Daí que, quando a alegria está referida, ao mesmo tempo, à mente e ao corpo, ela é chamada de excitação ou contentamento. No caso da tristeza, quando ela está referida, ao mesmo tempo, à mente e ao corpo, pode ser chamada de dor ou melancolia.

Espinosa ainda ensina que a excitação e a dor estão referidas ao homem quando uma de suas partes é mais afetada do que as restantes. O contentamento e a melancolia estão referidos aos casos em que todas as partes do homem são igualmente afetadas:

Escólio. Vemos assim, que a mente pode padecer grandes mudanças, passando ora a

uma perfeição maior, ora uma menor, paixões essas que nos explicam os afetos da alegria e da tristeza. Assim, por alegria compreenderei, daqui por diante, uma paixão pela qual a mente passa a uma perfeição maior. Por tristeza, em troca, compreenderei uma paixão pela qual a mente passa a uma perfeição menor. Além disso, chamo o afeto da alegria, quando está referido simultaneamente à mente e ao corpo, de excitação ou contentamento; o da tristeza, em troca, chamo de dor ou melancolia. Deve-se observar, entretanto, que a excitação e a dor estão referidos ao homem quando uma de suas partes é mais afetada do que as restantes; o contentamento e a melancolia, por outro lado, quando todas as suas partes são igualmente afetadas. Quanto ao desejo, expliquei-me no esc. da prop. 9. Afora esses três, não reconheço nenhum outro afeto primário. (ESPINOSA, 2008, p. 178-179)

O esclarecimento que esse escólio nos fornece, permite que elaboremos outro problema: se desejo, alegria e tristeza são afetos primários, como é possível compreender os demais afetos?
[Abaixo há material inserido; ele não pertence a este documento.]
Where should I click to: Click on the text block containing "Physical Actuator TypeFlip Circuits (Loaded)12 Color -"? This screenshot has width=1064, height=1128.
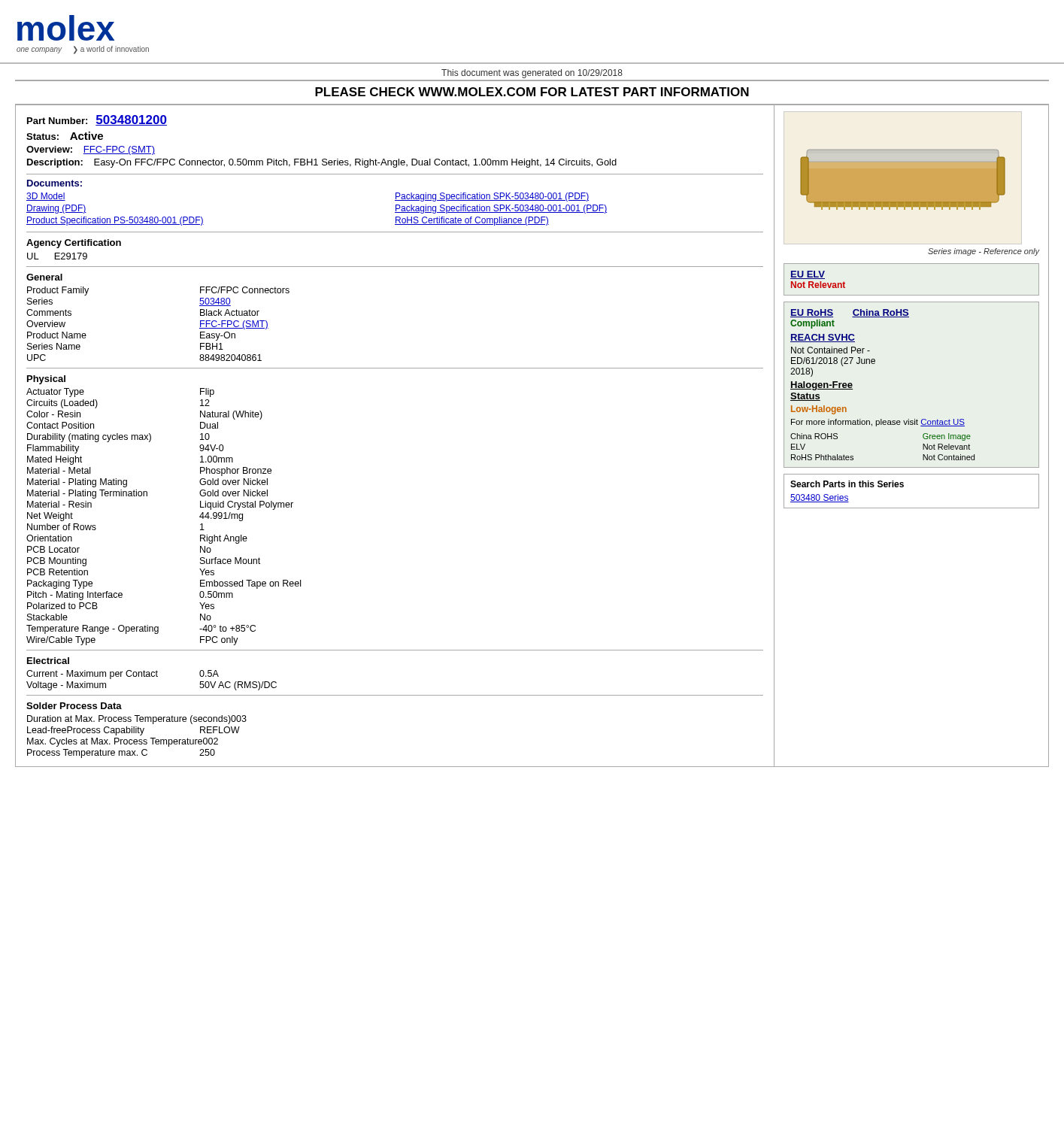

Antes de desenvolver esse problema, é necessário visitar outra questão: em que consiste o desejo para Espinosa?

Em nossa seção 4.1.3, apresentamos o desejo a partir da Definição dos afetos da parte 3 da Ética: “1. O desejo é a própria essência do homem, enquanto esta é concebida como determinada, em virtude de uma dada afecção de si própria, a agir de alguma maneira.” (ESPINOSA, 2008, p. 237). Entretanto, pelo teor do escólio da proposição 11, da parte 3, Espinosa faz uma referência à explicação sobre o desejo que ele fornece no escólio da

proposição 9 da parte 3. Sendo assim: “Pode-se fornecer, assim, a seguinte definição: o desejo é o apetite juntamente com a consciência que dele se tem.”

É prudente lembrar que o apetite, enquanto componente dessa definição de desejo, é o esforço que constitui o “conatus” aplicado, ao mesmo tempo, à mente e ao corpo. O “conatus” é o esforço que cada coisa realiza em perseverar em existir. O desejo é, nesse sentido, dotado de dois elementos fundamentais: o apetite acompanhado da consciência que se tem dele, isto é, apetite e consciência.
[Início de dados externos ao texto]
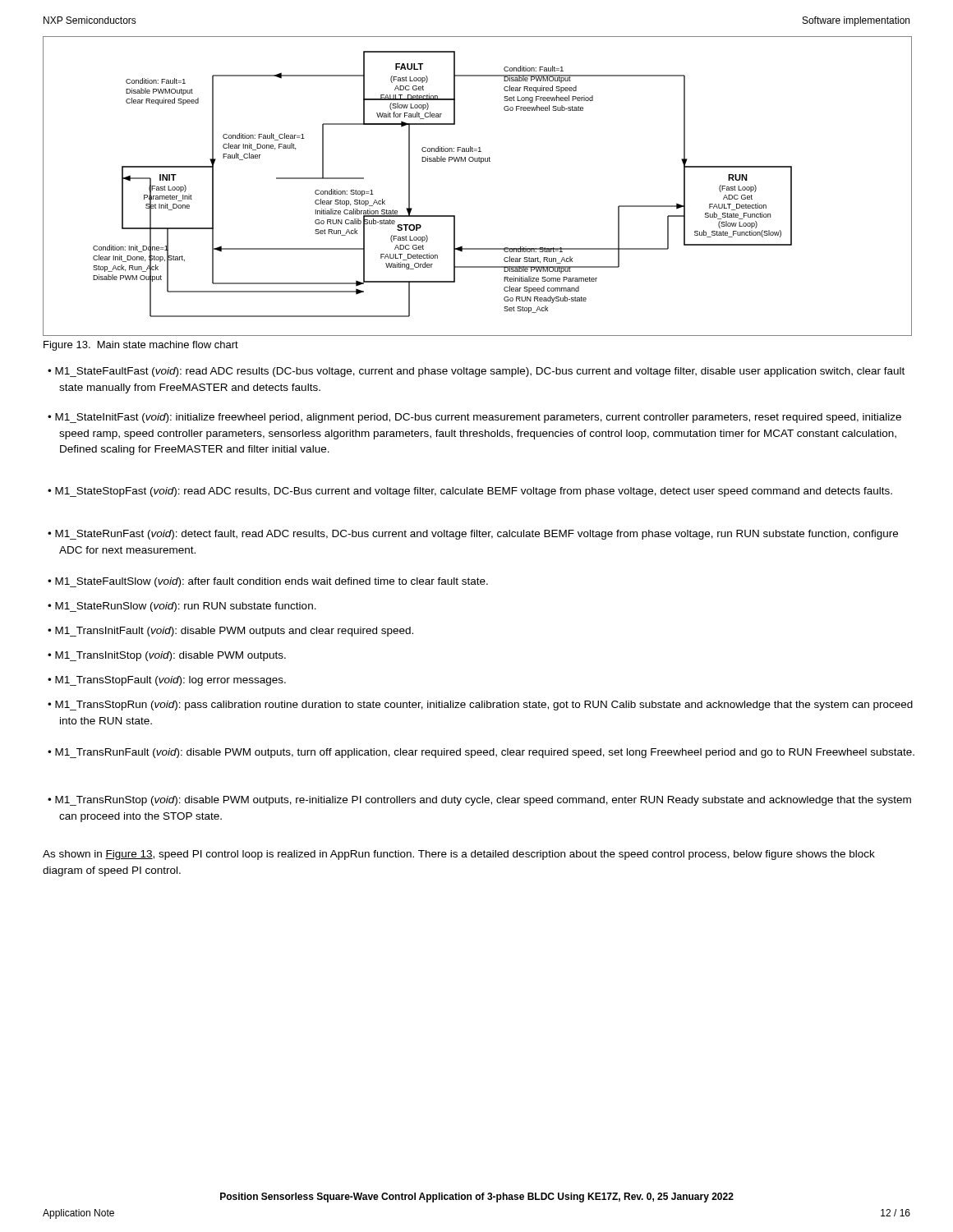Image resolution: width=953 pixels, height=1232 pixels.
Task: Click on the list item containing "• M1_TransStopRun (void): pass calibration routine"
Action: tap(480, 712)

Como a noção de apetite já foi explicitada, é cabível, para colaborar no esclarecimento da definição de desejo em que estamos trabalhando, elaborarmos o seguinte problema: o que é a consciência para Espinosa?
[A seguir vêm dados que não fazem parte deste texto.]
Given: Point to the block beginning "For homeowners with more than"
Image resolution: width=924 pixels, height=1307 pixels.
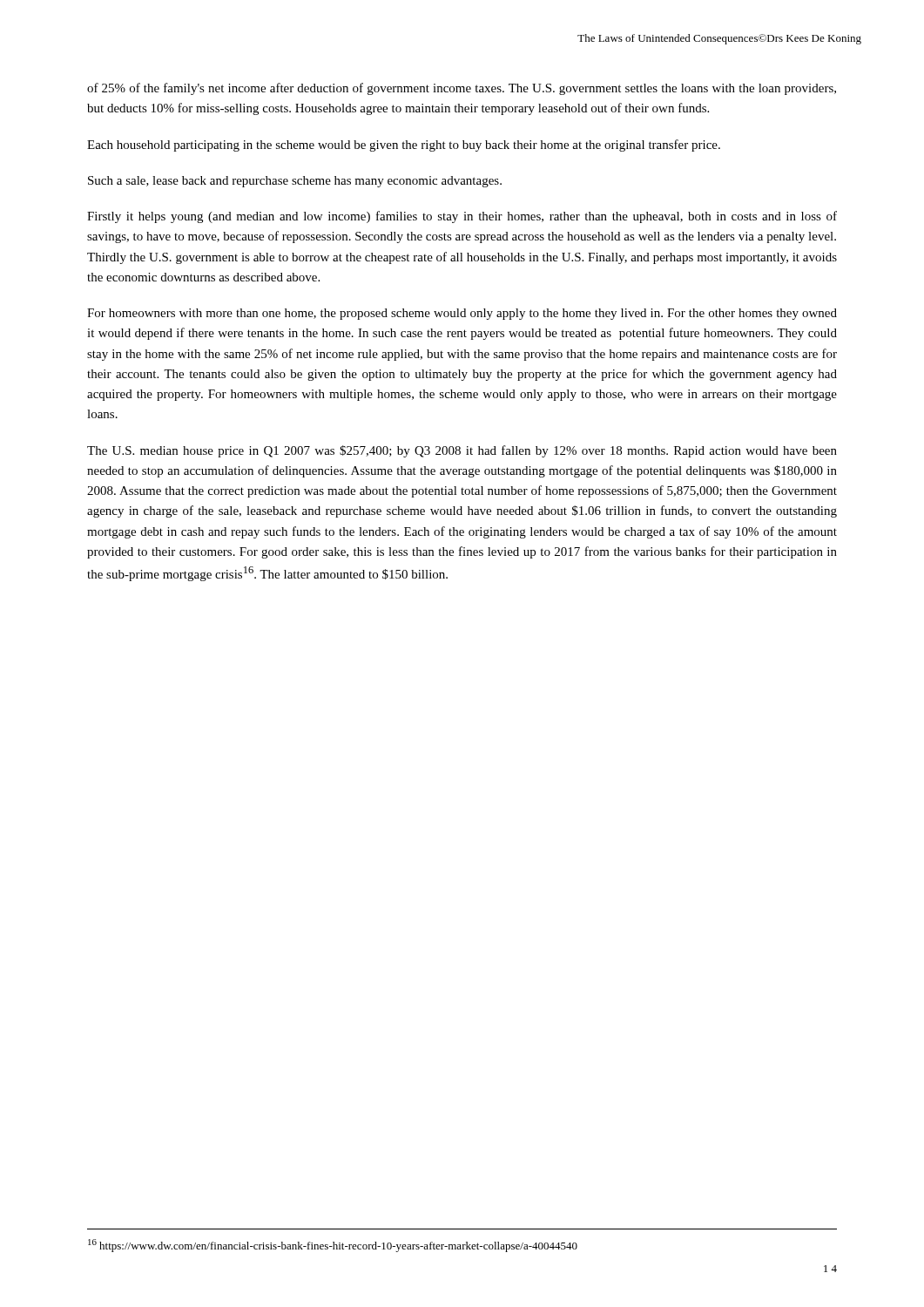Looking at the screenshot, I should (x=462, y=363).

Deleuze (2004, p. 65-66) caracteriza a consciência como a propriedade da ideia em duplicar e desdobrar a si mesma ao infinito: ideia da ideia. Essa ideia da ideia ou ato de pensar os próprios pensamentos e de representar as próprias representações possui três características: reflexão, derivação e correlação.

A reflexão dispõe que a consciência não é a propriedade de um sujeito, porém a propriedade física da ideia. A derivação consiste no fato de que a consciência é posterior à ideia de que é consciência de alguma coisa ou representação. A correlação é a relação da consciência com a ideia de que é consciência, como se fosse a relação entre uma representação e um objeto do conhecimento, que está sendo estudado por essa representação.

A consciência, enquanto duplicação e desdobramento das ideias ao infinito, aplicada ao apetite, como esforço simultâneo, em continuar a existir por parte da mente e do corpo caracteriza o desejo.